[PROVIDED ENTRIES — start]

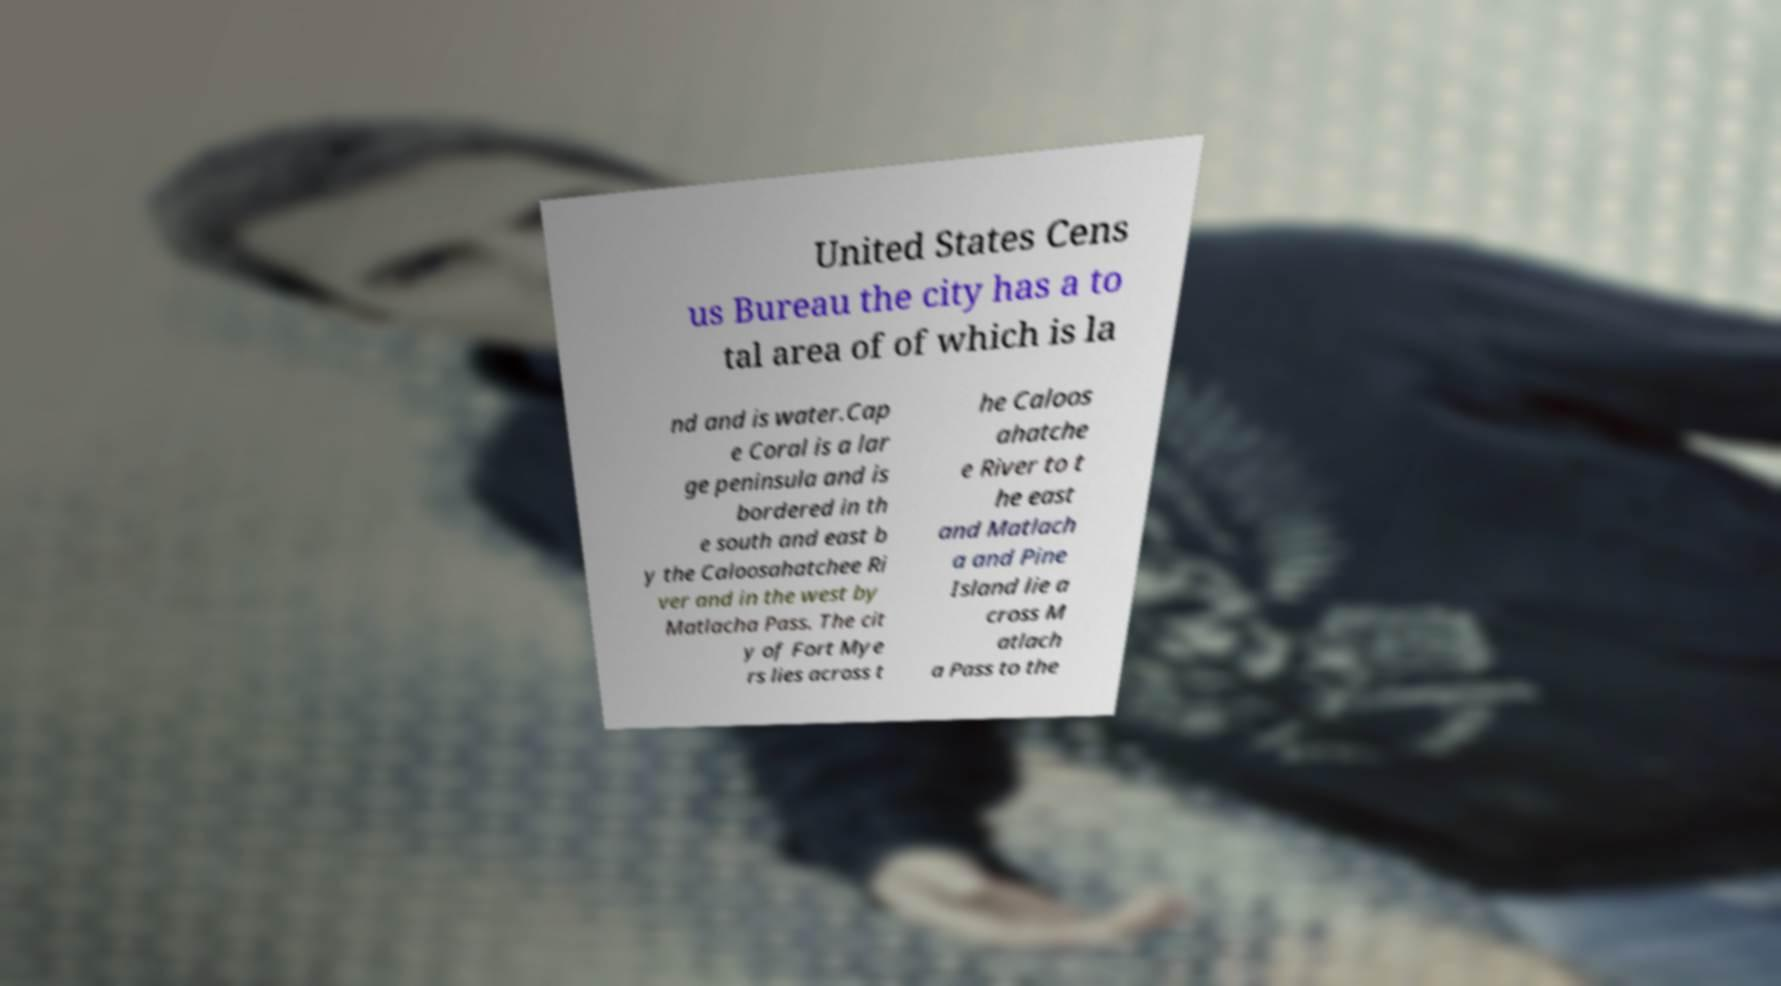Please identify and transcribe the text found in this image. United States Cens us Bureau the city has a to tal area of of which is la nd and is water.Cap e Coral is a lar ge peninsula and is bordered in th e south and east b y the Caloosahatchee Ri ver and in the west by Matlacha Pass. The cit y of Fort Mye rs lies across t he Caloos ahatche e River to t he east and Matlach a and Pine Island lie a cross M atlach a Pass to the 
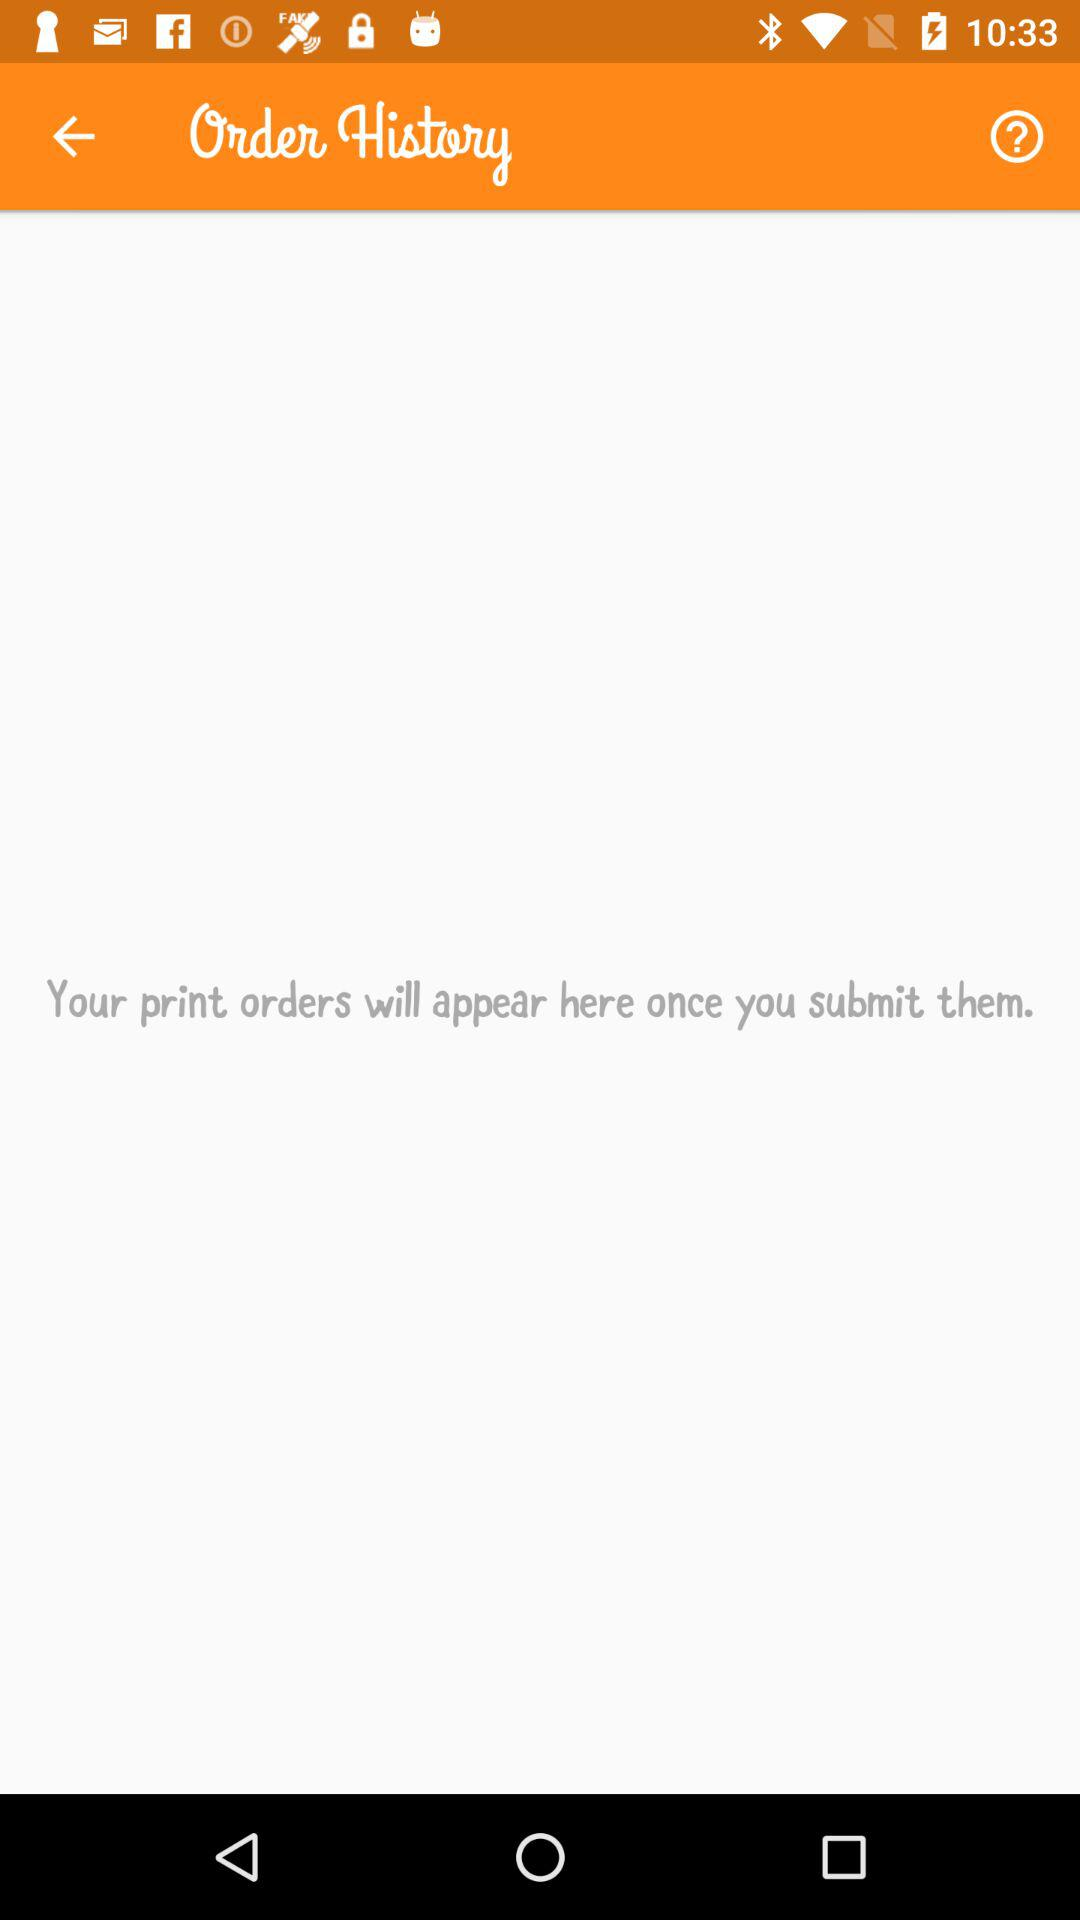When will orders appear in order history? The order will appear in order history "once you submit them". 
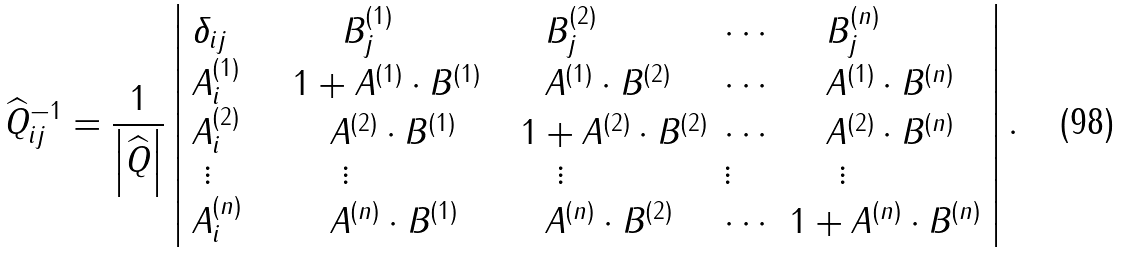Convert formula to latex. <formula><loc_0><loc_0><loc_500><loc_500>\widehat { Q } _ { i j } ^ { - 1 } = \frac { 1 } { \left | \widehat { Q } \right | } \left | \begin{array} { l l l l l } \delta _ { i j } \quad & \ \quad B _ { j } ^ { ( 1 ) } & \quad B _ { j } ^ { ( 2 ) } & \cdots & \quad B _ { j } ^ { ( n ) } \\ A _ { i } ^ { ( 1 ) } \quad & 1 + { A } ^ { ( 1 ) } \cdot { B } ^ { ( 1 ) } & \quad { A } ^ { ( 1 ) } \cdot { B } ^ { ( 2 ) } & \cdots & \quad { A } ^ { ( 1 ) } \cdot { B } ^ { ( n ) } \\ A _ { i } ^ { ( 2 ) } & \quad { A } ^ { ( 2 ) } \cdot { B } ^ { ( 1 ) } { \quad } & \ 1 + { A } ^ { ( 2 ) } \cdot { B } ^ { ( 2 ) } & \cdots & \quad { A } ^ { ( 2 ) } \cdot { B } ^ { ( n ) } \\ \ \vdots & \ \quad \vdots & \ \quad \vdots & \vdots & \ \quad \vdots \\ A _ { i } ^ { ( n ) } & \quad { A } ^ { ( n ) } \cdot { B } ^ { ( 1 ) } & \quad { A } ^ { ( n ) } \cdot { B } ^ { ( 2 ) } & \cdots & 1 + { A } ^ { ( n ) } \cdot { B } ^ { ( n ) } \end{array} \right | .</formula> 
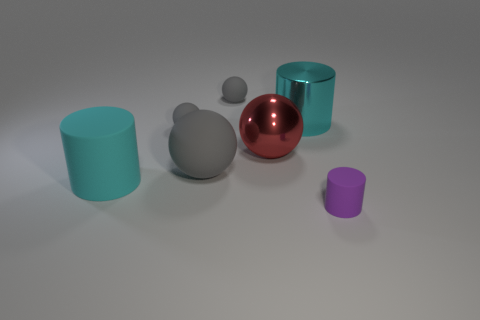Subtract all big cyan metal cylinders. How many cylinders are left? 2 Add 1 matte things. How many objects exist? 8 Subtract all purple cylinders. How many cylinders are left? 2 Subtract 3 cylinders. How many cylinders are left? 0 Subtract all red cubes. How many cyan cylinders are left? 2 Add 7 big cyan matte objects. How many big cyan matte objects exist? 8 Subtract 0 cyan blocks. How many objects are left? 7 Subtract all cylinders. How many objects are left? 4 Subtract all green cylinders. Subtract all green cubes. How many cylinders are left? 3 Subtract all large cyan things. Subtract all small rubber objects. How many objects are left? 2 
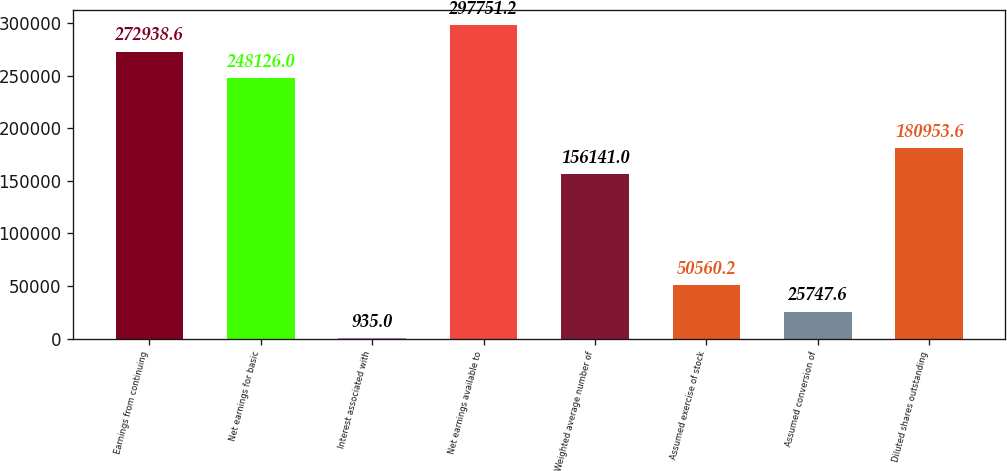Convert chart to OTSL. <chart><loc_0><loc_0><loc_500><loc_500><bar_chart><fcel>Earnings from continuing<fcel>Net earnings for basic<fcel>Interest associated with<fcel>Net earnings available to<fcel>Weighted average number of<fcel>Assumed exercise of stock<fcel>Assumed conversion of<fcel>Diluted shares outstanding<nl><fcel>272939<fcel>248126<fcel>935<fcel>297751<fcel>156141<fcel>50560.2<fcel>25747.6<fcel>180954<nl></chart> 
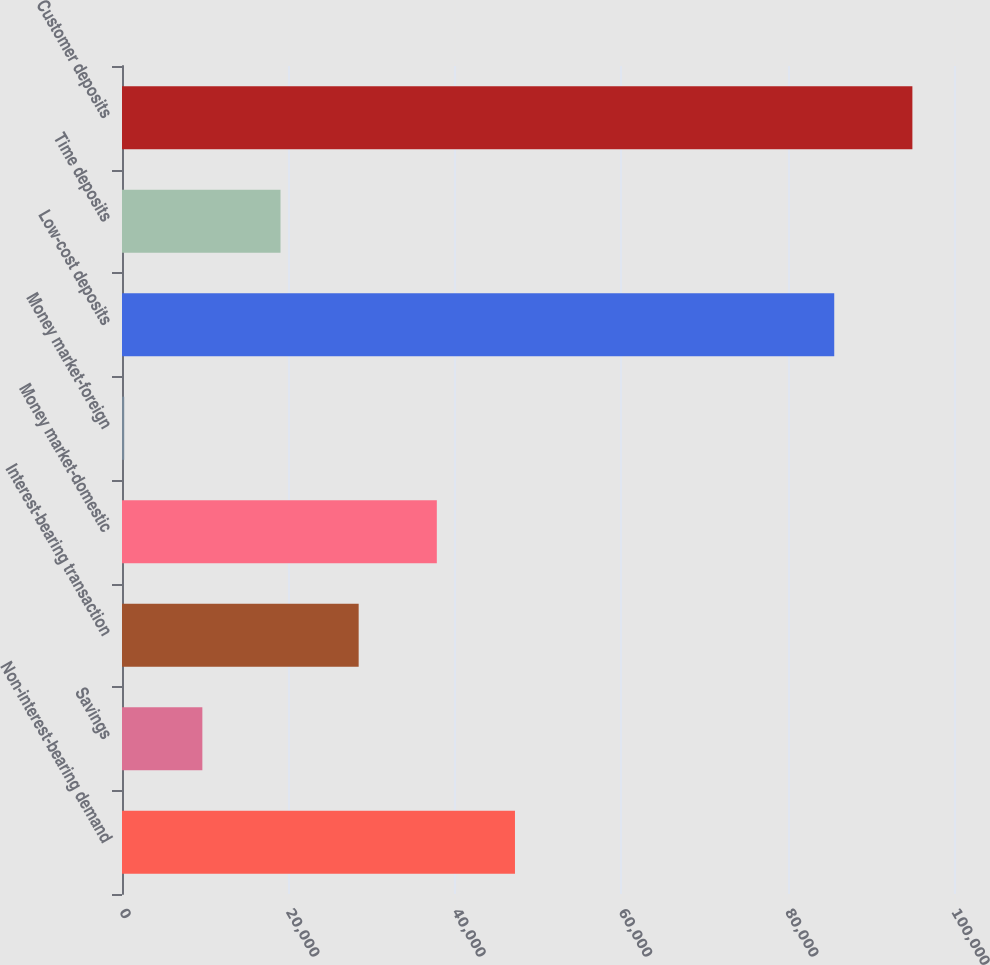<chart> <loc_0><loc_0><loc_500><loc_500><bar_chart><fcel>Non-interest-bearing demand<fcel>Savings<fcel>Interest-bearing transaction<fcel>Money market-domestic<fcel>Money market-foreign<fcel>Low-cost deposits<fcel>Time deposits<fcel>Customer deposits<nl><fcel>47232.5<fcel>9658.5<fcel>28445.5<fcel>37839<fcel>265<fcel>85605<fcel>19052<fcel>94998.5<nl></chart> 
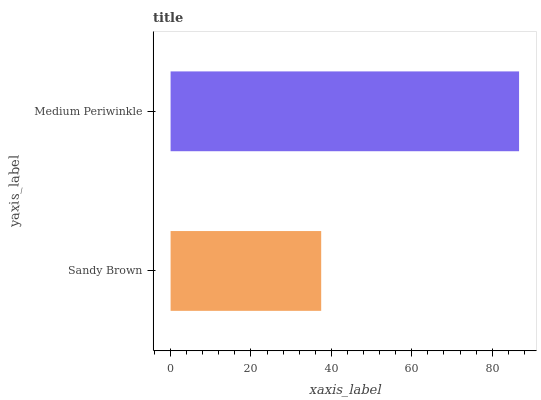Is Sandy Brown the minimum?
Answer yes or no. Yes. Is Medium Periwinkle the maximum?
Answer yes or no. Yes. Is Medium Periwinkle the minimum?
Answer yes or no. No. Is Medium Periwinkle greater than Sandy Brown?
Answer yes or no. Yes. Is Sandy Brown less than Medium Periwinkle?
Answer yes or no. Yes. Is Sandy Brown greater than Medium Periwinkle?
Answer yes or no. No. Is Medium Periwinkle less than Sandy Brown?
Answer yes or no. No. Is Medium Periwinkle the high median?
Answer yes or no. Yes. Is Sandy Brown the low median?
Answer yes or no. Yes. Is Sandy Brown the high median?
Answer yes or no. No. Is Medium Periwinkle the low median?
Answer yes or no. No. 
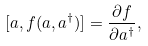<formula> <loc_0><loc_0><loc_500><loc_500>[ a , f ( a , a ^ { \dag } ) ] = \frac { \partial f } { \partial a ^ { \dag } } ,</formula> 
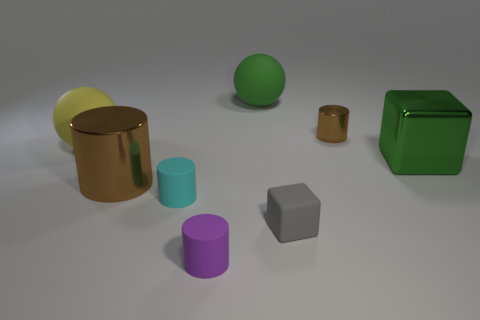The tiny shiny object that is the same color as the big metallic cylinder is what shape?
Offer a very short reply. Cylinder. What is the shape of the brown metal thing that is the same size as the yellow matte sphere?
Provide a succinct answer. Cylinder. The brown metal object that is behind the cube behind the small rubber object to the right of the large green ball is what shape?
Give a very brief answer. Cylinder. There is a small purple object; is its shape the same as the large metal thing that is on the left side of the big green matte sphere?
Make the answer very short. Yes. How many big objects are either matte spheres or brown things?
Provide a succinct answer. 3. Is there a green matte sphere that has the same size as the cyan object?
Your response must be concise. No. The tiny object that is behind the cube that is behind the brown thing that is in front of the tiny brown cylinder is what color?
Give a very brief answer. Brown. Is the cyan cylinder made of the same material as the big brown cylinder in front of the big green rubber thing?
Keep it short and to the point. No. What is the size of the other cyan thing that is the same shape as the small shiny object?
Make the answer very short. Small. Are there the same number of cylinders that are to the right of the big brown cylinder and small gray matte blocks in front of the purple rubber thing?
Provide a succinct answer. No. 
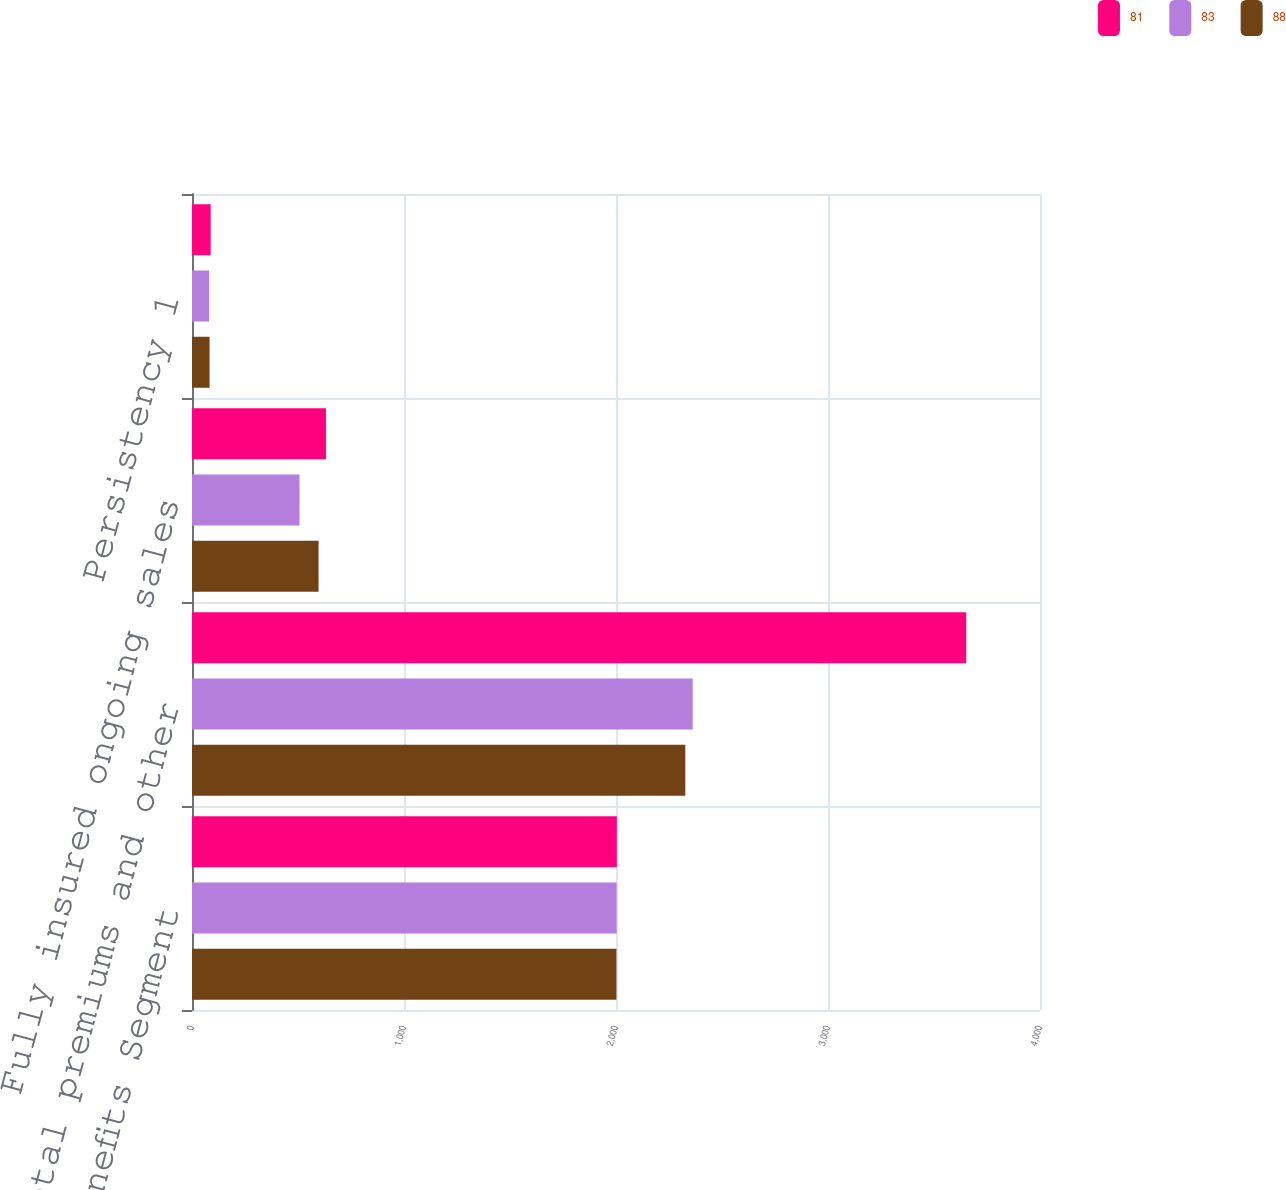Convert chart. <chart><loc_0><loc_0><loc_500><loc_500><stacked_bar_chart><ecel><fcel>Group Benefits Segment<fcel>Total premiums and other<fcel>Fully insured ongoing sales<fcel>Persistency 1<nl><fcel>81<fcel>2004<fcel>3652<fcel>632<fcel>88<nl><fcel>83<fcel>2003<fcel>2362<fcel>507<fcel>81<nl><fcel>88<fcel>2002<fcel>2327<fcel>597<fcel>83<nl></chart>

[PROVIDED ENTRIES — finish]

In the lines above, locate the string "brief". Copy every line where it occurs.

Give a very brief answer. Cylinder. There is a small purple object; is its shape the same as the large metal thing that is on the left side of the big green matte sphere?
Give a very brief answer. Brown. Is the cyan cylinder made of the same material as the big brown cylinder in front of the big green rubber thing?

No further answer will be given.